- [PROBLEM] Hunt through the entries for the word "degrees" and copy each line in which it appears.

RECORDS FOR THE EXERCISE below:

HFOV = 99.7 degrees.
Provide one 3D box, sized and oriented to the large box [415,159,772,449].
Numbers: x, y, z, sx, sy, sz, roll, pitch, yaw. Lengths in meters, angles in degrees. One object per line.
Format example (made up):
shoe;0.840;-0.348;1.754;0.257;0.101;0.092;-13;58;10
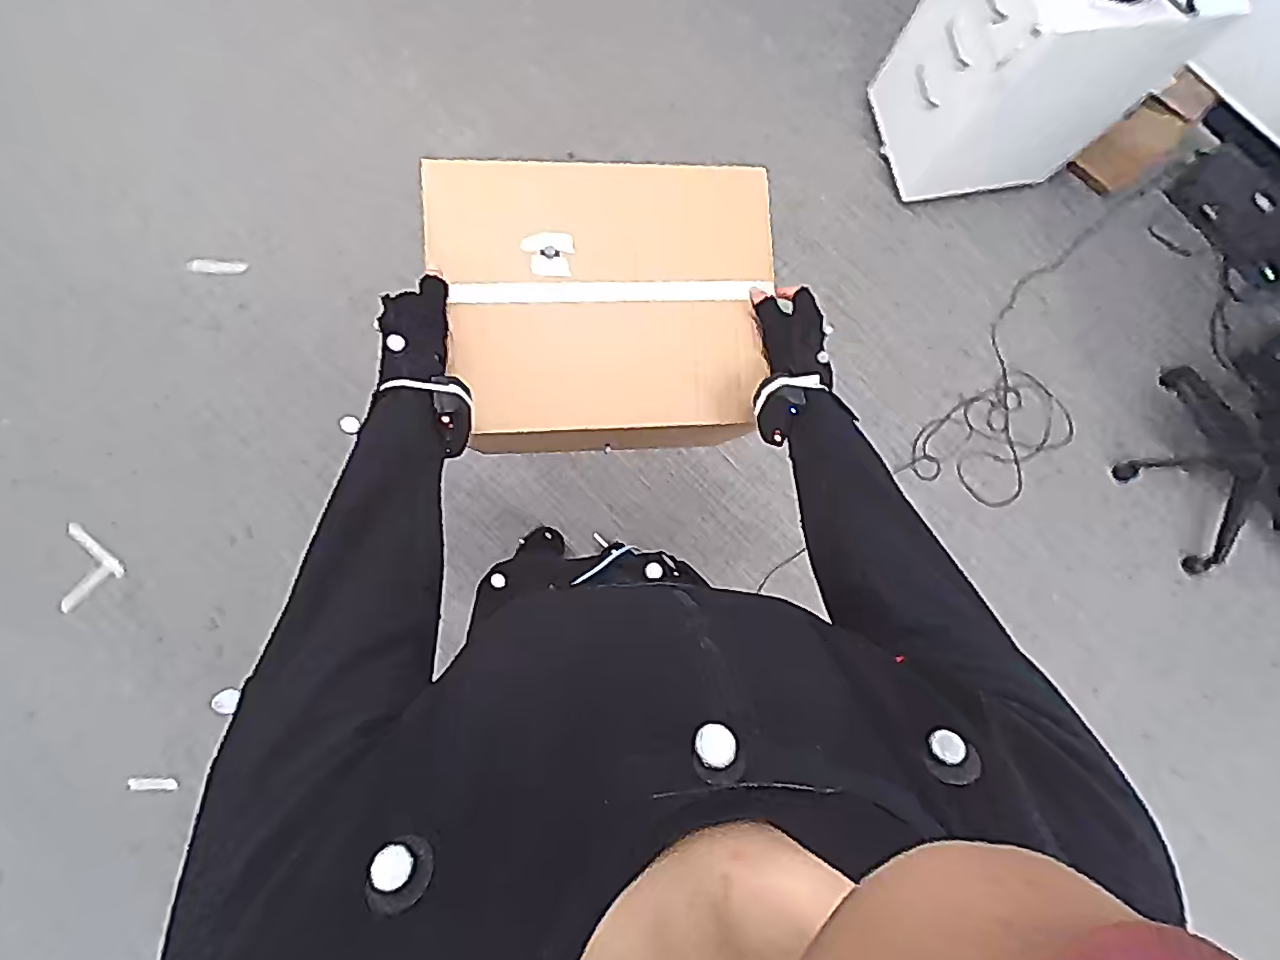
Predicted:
large box;-0.063;-0.221;0.784;0.408;0.320;0.320;-5;89;-7

End of RECORDS FOR THE EXERCISE.

- [RESPONSE]
HFOV = 99.7 degrees.
Numbers: x, y, z, sx, sy, sz, roll, pitch, yaw. Lengths in meters, angles in degrees. One object per line.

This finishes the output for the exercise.